_Exercise prompt_. An exact copy of all the data is the required output.

--- Excerpted records Enclosed Below ---

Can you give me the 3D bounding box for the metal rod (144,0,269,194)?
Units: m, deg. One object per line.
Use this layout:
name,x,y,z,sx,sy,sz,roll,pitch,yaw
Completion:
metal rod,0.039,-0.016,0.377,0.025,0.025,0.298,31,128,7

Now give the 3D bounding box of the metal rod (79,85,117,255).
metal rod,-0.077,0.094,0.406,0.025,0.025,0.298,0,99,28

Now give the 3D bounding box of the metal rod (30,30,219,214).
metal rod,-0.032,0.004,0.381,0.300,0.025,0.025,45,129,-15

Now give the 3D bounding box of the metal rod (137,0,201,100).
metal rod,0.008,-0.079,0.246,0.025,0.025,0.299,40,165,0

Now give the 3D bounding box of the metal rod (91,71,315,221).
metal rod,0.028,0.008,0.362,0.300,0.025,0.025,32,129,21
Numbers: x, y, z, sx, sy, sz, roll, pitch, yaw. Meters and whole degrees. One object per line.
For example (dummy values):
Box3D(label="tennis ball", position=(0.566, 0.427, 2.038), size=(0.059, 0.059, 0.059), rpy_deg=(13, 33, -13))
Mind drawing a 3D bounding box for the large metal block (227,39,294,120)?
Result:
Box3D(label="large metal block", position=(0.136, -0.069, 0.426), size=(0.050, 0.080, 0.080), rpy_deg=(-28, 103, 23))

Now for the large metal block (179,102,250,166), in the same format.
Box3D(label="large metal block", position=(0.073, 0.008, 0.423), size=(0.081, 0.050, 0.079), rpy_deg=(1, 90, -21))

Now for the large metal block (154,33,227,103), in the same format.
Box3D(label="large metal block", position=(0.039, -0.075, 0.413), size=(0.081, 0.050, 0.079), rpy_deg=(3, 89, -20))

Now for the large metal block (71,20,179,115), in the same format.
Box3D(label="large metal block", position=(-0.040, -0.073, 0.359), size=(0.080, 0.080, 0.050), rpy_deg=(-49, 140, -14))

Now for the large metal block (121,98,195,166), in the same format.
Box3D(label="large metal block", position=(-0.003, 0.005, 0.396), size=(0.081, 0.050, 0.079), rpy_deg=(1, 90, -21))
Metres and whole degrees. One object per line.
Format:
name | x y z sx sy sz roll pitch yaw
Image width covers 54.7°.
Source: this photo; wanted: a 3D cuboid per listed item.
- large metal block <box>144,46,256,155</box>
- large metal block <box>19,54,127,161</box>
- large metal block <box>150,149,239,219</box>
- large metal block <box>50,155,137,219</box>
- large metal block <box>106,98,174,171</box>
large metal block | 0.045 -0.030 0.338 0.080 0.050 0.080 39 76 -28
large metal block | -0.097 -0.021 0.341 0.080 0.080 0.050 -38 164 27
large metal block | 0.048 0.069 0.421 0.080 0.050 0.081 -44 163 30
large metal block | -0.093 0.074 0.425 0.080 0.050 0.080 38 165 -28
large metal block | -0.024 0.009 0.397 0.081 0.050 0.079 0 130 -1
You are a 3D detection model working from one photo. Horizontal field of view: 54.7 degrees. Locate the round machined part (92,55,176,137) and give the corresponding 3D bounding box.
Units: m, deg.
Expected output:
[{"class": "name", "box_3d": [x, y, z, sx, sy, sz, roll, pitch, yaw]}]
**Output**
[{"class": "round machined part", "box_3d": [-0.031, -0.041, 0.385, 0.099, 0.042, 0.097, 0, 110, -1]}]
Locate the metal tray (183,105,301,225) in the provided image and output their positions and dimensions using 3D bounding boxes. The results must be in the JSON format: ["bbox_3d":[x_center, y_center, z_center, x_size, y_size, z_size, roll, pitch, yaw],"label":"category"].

--- End of Enclosed Excerpted records ---

_Solution for this exercise_.
Can you give me the 3D bounding box for the metal rod (144,0,269,194)?
Units: m, deg. One object per line.
Use this layout:
name,x,y,z,sx,sy,sz,roll,pitch,yaw
Completion:
metal rod,0.039,-0.016,0.377,0.025,0.025,0.298,31,128,7

Now give the 3D bounding box of the metal rod (79,85,117,255).
metal rod,-0.077,0.094,0.406,0.025,0.025,0.298,0,99,28

Now give the 3D bounding box of the metal rod (30,30,219,214).
metal rod,-0.032,0.004,0.381,0.300,0.025,0.025,45,129,-15

Now give the 3D bounding box of the metal rod (137,0,201,100).
metal rod,0.008,-0.079,0.246,0.025,0.025,0.299,40,165,0

Now give the 3D bounding box of the metal rod (91,71,315,221).
metal rod,0.028,0.008,0.362,0.300,0.025,0.025,32,129,21
Numbers: x, y, z, sx, sy, sz, roll, pitch, yaw. Meters and whole degrees. One object per line.
For example (dummy values):
Box3D(label="tennis ball", position=(0.566, 0.427, 2.038), size=(0.059, 0.059, 0.059), rpy_deg=(13, 33, -13))
Mind drawing a 3D bounding box for the large metal block (227,39,294,120)?
Result:
Box3D(label="large metal block", position=(0.136, -0.069, 0.426), size=(0.050, 0.080, 0.080), rpy_deg=(-28, 103, 23))

Now for the large metal block (179,102,250,166), in the same format.
Box3D(label="large metal block", position=(0.073, 0.008, 0.423), size=(0.081, 0.050, 0.079), rpy_deg=(1, 90, -21))

Now for the large metal block (154,33,227,103), in the same format.
Box3D(label="large metal block", position=(0.039, -0.075, 0.413), size=(0.081, 0.050, 0.079), rpy_deg=(3, 89, -20))

Now for the large metal block (71,20,179,115), in the same format.
Box3D(label="large metal block", position=(-0.040, -0.073, 0.359), size=(0.080, 0.080, 0.050), rpy_deg=(-49, 140, -14))

Now for the large metal block (121,98,195,166), in the same format.
Box3D(label="large metal block", position=(-0.003, 0.005, 0.396), size=(0.081, 0.050, 0.079), rpy_deg=(1, 90, -21))
Metres and whole degrees. One object per line.
Format:
name | x y z sx sy sz roll pitch yaw
Image width covers 54.7°.
Source: this photo; wanted: a 3D cuboid per listed item.
- large metal block <box>144,46,256,155</box>
- large metal block <box>19,54,127,161</box>
- large metal block <box>150,149,239,219</box>
- large metal block <box>50,155,137,219</box>
- large metal block <box>106,98,174,171</box>
large metal block | 0.045 -0.030 0.338 0.080 0.050 0.080 39 76 -28
large metal block | -0.097 -0.021 0.341 0.080 0.080 0.050 -38 164 27
large metal block | 0.048 0.069 0.421 0.080 0.050 0.081 -44 163 30
large metal block | -0.093 0.074 0.425 0.080 0.050 0.080 38 165 -28
large metal block | -0.024 0.009 0.397 0.081 0.050 0.079 0 130 -1
You are a 3D detection model working from one photo. Horizontal field of view: 54.7 degrees. Locate the round machined part (92,55,176,137) and give the corresponding 3D bounding box.
Units: m, deg.
Expected output:
[{"class": "name", "box_3d": [x, y, z, sx, sy, sz, roll, pitch, yaw]}]
**Output**
[{"class": "round machined part", "box_3d": [-0.031, -0.041, 0.385, 0.099, 0.042, 0.097, 0, 110, -1]}]
Locate the metal tray (183,105,301,225) in the provided image and output their positions and dimensions using 3D bounding boxes. The results must be in the JSON format: ["bbox_3d":[x_center, y_center, z_center, x_size, y_size, z_size, roll, pitch, yaw],"label":"category"].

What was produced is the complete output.